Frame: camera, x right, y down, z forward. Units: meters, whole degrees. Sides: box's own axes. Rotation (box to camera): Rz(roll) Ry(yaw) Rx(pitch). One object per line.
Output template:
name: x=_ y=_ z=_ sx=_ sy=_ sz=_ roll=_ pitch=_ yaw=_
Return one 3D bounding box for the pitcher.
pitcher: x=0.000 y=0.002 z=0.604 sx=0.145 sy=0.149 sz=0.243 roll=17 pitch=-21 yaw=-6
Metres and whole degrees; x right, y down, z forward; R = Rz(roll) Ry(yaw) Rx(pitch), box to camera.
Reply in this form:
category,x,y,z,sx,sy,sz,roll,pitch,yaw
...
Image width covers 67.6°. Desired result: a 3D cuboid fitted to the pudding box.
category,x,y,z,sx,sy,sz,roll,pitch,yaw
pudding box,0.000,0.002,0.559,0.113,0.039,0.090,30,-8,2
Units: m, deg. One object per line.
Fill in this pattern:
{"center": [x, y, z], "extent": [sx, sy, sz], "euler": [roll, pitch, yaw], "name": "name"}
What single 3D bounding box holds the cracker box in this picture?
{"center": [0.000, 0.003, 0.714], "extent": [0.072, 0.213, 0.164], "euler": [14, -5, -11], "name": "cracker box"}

--

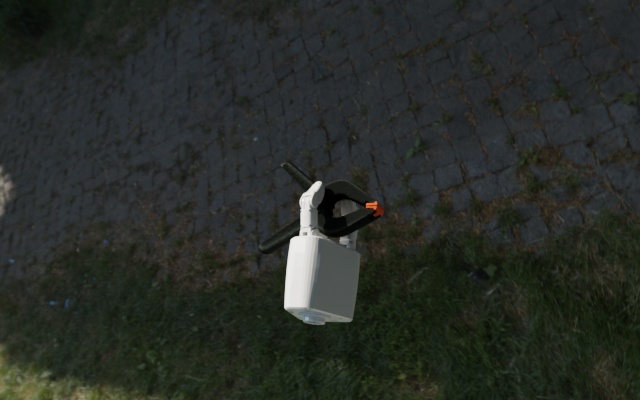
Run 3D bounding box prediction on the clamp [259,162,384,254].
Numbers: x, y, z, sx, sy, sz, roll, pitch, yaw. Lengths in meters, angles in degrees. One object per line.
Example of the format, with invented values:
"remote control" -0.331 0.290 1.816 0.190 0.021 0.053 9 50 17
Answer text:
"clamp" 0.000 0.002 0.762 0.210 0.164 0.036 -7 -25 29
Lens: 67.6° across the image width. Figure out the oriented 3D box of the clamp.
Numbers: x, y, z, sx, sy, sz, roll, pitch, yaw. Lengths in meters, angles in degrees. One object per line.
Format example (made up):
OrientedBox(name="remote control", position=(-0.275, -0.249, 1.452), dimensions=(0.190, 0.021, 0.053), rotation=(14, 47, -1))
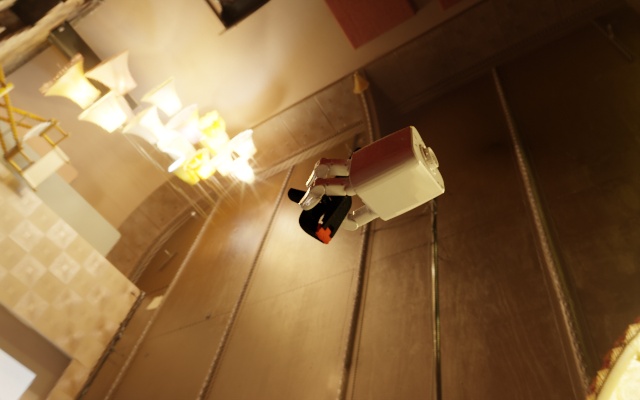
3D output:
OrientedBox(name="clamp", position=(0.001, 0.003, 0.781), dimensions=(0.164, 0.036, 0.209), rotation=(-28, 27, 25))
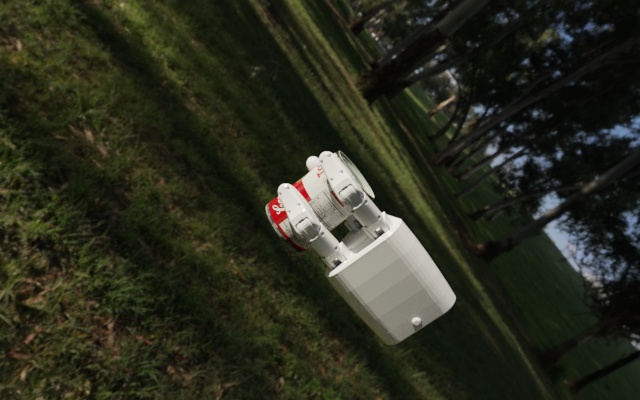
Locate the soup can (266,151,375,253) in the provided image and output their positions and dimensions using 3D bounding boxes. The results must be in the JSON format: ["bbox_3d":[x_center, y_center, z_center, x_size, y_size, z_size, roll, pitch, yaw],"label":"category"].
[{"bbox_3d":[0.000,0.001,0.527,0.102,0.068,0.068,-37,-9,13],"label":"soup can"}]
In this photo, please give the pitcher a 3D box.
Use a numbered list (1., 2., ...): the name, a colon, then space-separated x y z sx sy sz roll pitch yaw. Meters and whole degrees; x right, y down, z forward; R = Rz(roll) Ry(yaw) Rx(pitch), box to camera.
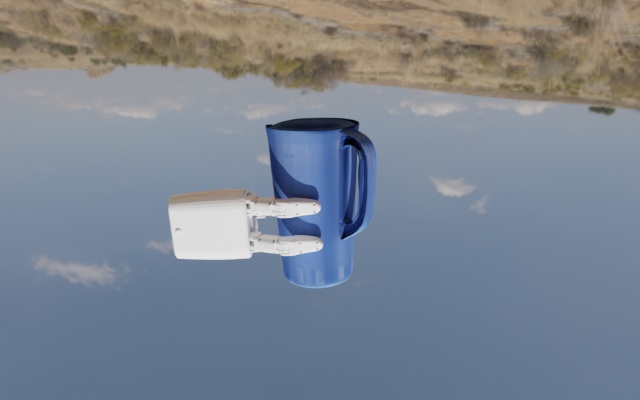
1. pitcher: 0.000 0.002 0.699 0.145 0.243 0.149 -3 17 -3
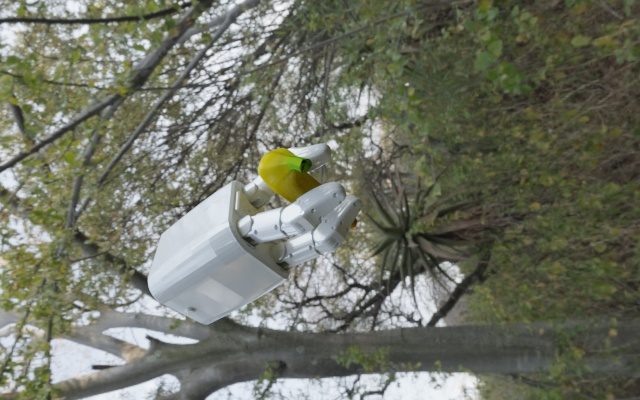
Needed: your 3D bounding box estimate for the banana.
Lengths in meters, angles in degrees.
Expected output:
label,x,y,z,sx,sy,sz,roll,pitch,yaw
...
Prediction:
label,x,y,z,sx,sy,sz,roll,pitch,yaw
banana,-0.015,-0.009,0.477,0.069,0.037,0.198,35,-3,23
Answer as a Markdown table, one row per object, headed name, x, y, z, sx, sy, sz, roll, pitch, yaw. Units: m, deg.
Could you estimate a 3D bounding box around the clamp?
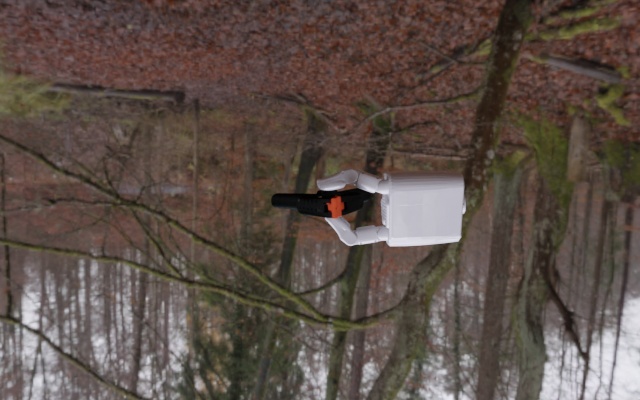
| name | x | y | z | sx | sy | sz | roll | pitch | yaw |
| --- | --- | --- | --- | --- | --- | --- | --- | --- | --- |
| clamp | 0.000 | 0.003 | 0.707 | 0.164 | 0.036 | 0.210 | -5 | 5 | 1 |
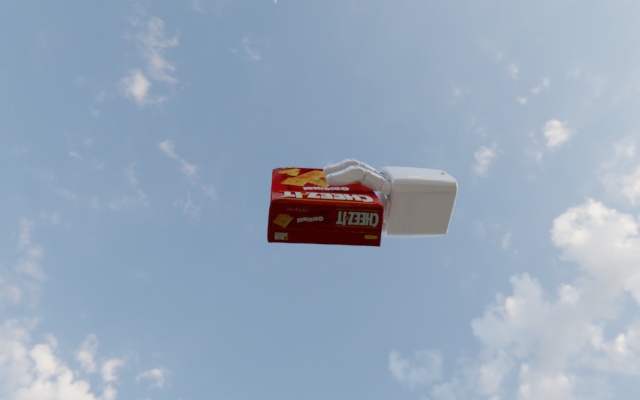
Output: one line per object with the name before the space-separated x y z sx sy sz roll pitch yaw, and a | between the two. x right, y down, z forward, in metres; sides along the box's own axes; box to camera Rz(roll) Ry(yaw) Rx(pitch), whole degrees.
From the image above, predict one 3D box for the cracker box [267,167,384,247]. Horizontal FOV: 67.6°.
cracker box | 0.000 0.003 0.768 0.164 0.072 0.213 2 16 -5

* * *

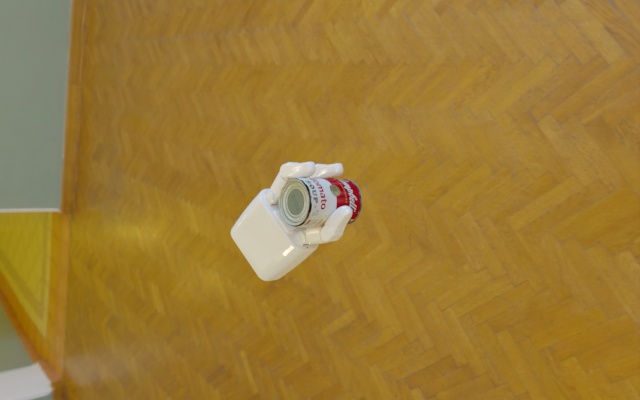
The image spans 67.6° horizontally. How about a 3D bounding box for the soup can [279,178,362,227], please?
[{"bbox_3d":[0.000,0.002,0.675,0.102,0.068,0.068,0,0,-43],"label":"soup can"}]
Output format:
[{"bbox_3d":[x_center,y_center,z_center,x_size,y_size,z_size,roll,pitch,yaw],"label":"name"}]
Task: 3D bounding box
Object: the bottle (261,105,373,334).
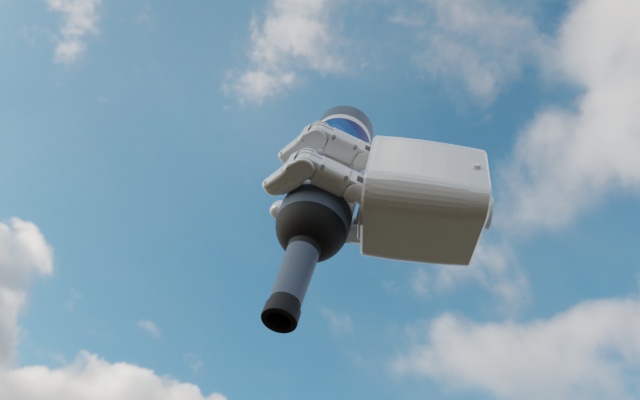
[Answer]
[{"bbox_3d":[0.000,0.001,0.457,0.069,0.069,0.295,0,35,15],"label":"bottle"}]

**Brief**
Taking the records above, retype every line from the one with "Frame: camera, x" down to the one with "name: x=_ y=_", exactly and with nothing else.

**Solution below**
Frame: camera, x right, y down, z forward. Units: meters, whole degrees. Sides: box's own axes. Rotation (box to camera): Rz(roll) Ry(yaw) Rx(pitch). One object per line.
Output template:
name: x=_ y=_ z=_ sx=_ sy=_ sz=_ roll=_ pitch=_ yaw=_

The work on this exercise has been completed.